By Kevin E. Noonan --
A classic example of product "evergreening" is how AstraZeneca used its experience with its omeprazole franchise (sold for over a decade as Prilosec®) to promote an alternative form of the drug, Nexium® (particularly, the S-omeprazole enantiomer) as "the little purple pill." One reason this strategy deserves admiration is that it is not the type of evergreening that some commentators and politicians have objected to (such as using formulation or other types of patents to continue protection after the composition patent has expired; for the record, there is nothing improper about that type of evergreening, either). But no strategy is perfect, as AstraZeneca found when the Federal Circuit affirmed a District Court judgment of non-infringement in AstraZeneca v. Hanmi.

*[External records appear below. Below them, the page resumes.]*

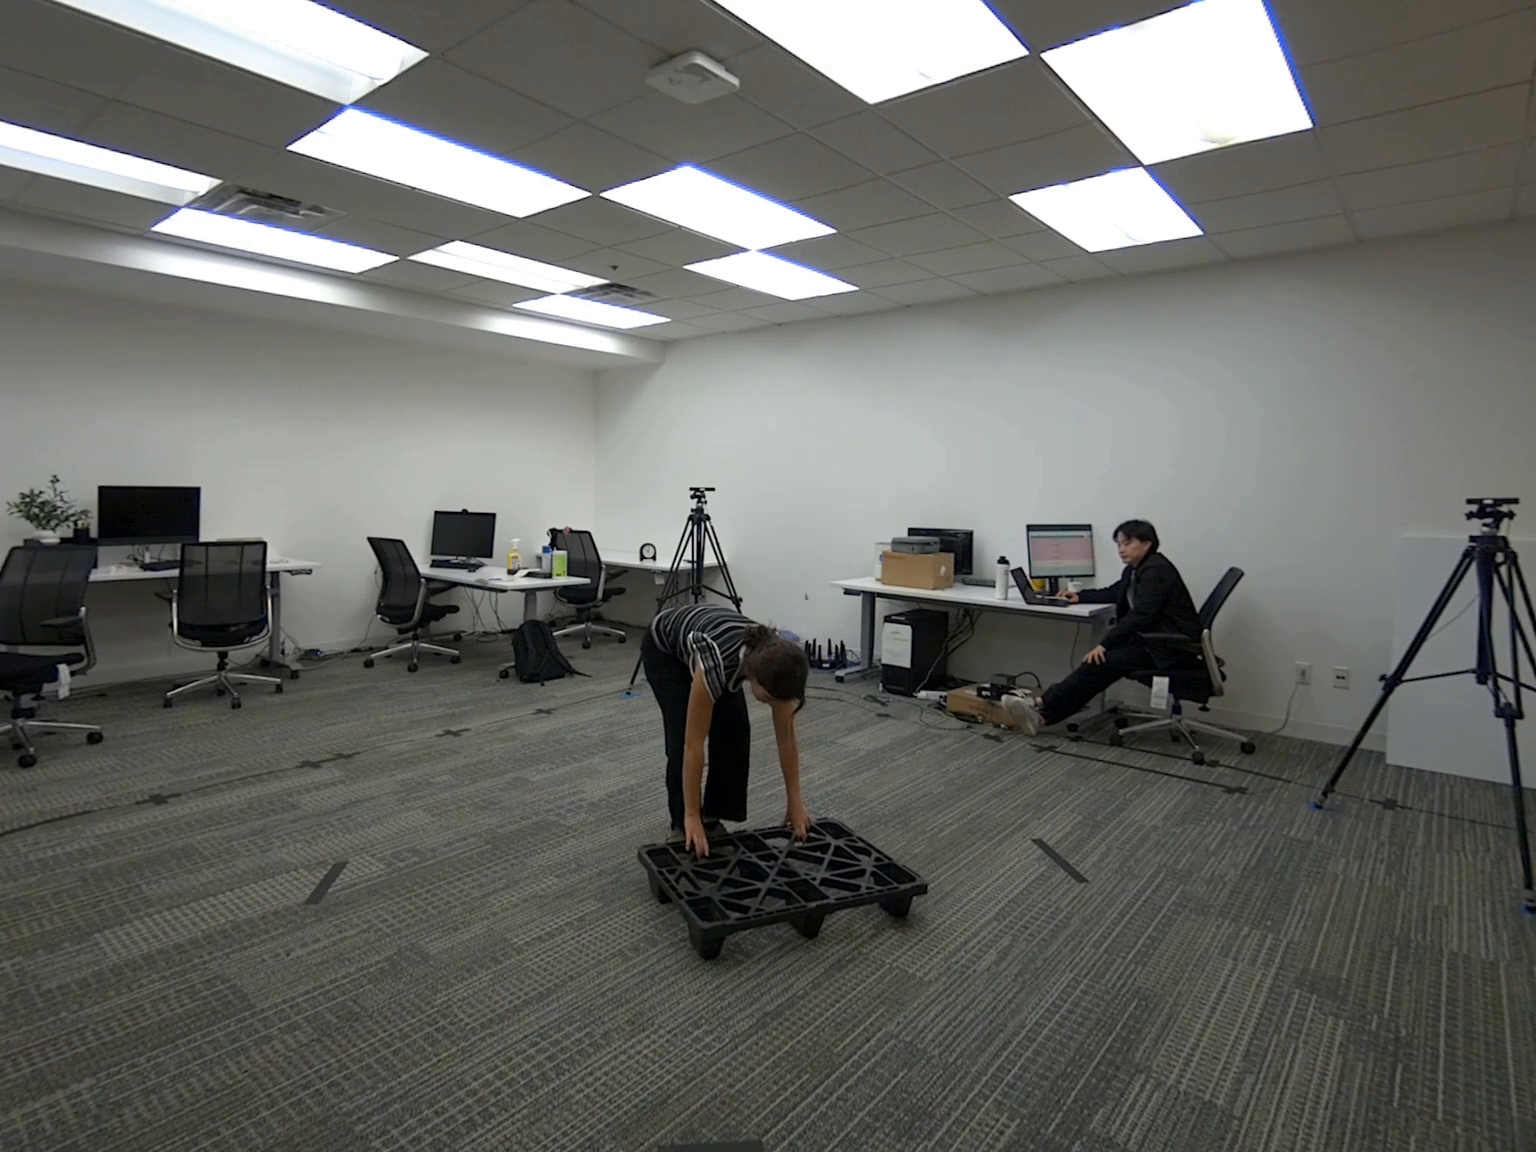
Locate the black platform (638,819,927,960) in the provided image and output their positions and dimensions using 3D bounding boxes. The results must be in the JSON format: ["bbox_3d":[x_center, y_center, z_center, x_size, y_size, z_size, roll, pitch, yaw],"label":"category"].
[{"bbox_3d":[0.027,1.028,2.852,0.787,0.143,0.622,-2,7,-25],"label":"black platform"}]
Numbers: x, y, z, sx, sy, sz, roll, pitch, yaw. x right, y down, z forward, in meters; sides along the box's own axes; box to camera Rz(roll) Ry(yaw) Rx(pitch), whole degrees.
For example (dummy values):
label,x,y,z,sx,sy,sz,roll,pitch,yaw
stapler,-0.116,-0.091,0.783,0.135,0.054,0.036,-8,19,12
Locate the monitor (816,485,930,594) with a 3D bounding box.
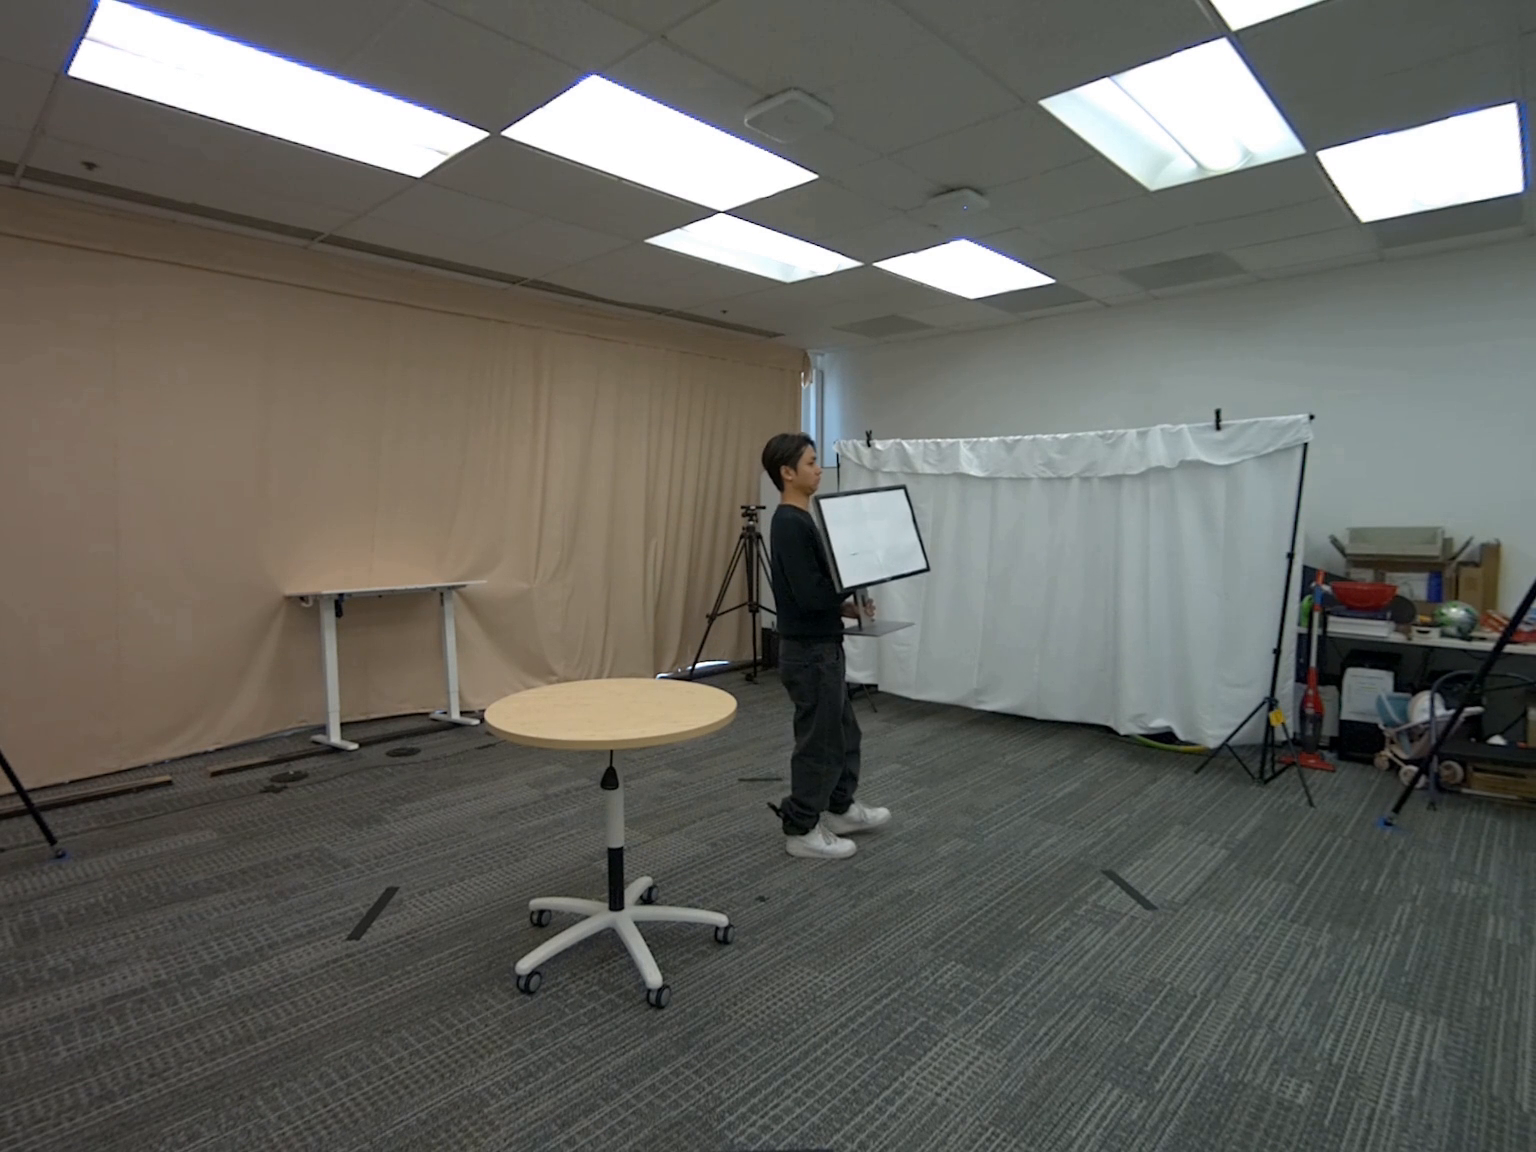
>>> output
label,x,y,z,sx,sy,sz,roll,pitch,yaw
monitor,0.396,-0.067,3.217,0.515,0.513,0.180,-9,10,-43
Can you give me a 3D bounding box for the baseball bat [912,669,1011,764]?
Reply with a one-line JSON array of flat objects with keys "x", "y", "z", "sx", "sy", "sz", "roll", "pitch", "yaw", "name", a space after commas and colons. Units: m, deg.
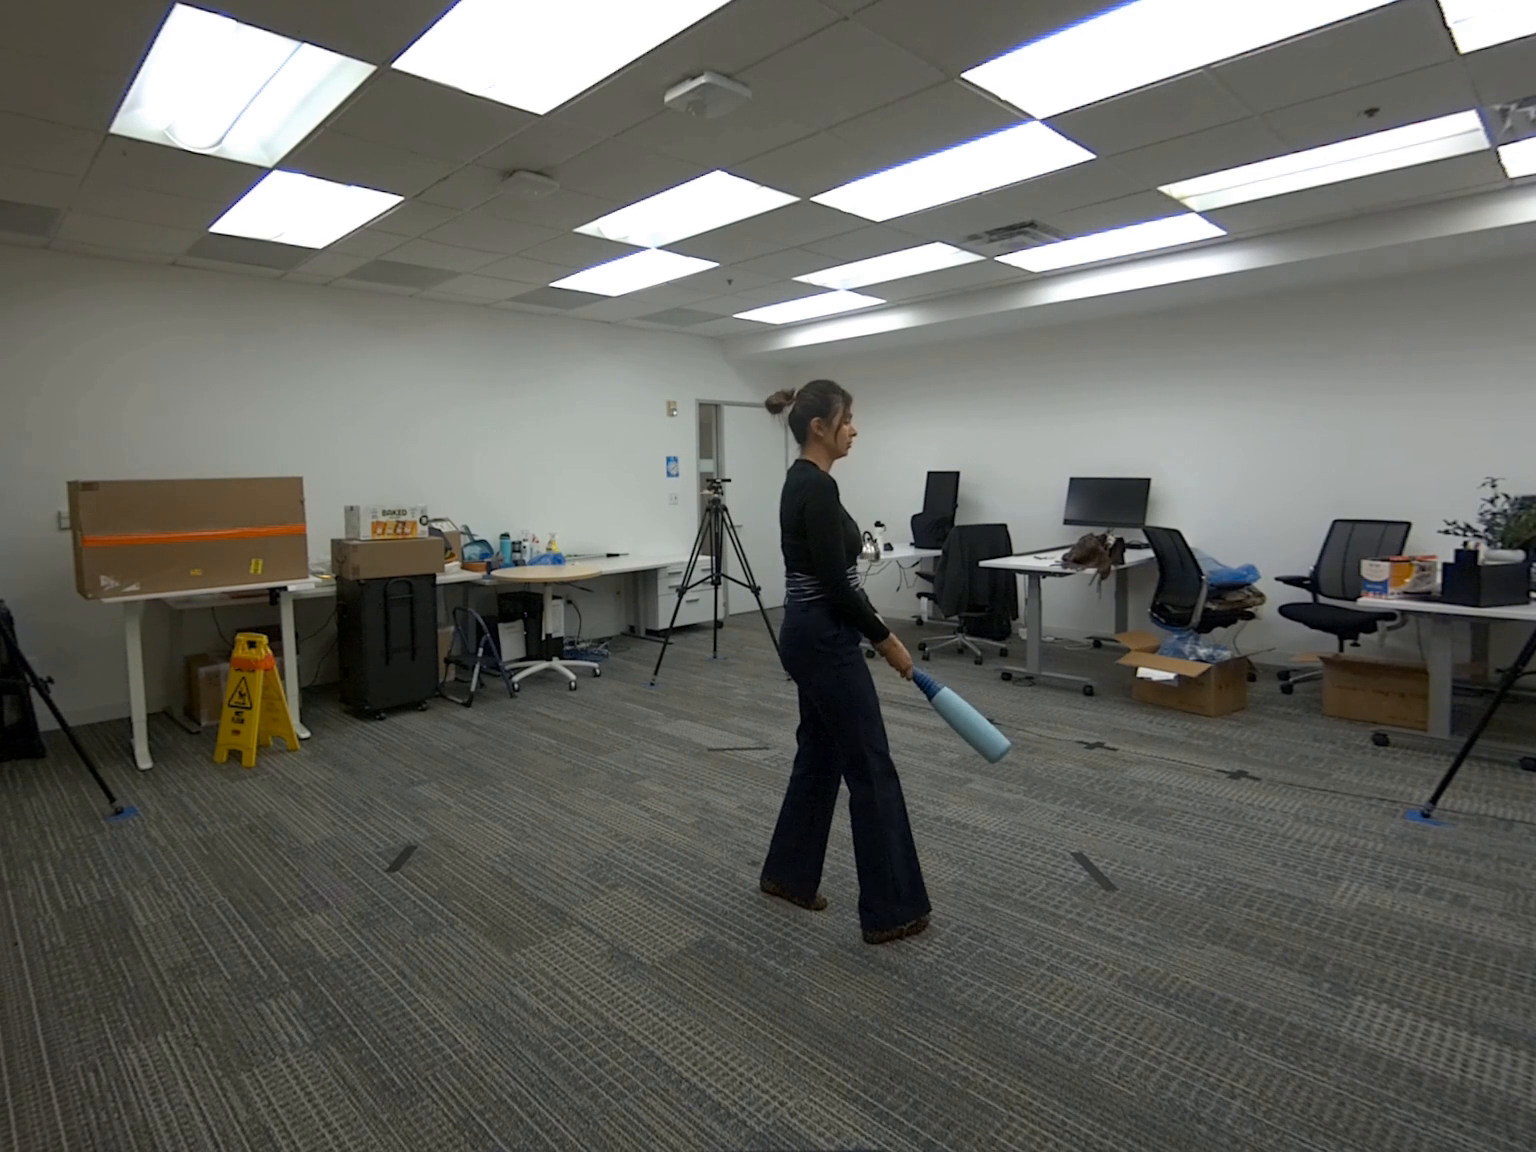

The claimed invention was directed to the magnesium salts of the esomeprazole isomer sold as Nexium®. AstraZeneca filed suit under 35 U.S.C. § 271(e)(2) after receiving notice that Hanmi had submitted an ANDA for a generic version of the drug comprising the strontium salt of esomeprazole. The claims of the Orange Book listed patents in suit (U.S. Patent Nos. 5,714,504 and 5,877,192) as filed and the specification recited six specific cations as components of the enantiomeric salts of the invention: Na+, Mg2+, Li+, K+, Ca2+, or N+(R)4, where R is an alkyl with one to four carbons (the latter cation is also called generically an ammonium ion). However, the issued claims recited the esomeprazole isomer more generically as an "alkaline" salt, as in Claim 1 of the '504 patent:
A pharmaceutical formulation for oral administration comprising a pure solid state alkaline salt of the (-)-enantiomer of 5-methoxy-2[[(4-methoxy-3,5-dimethyl-2-pyridinyl)methyl]sulfinyl]-1H-benzimidazole and a pharmaceutically acceptable carrier.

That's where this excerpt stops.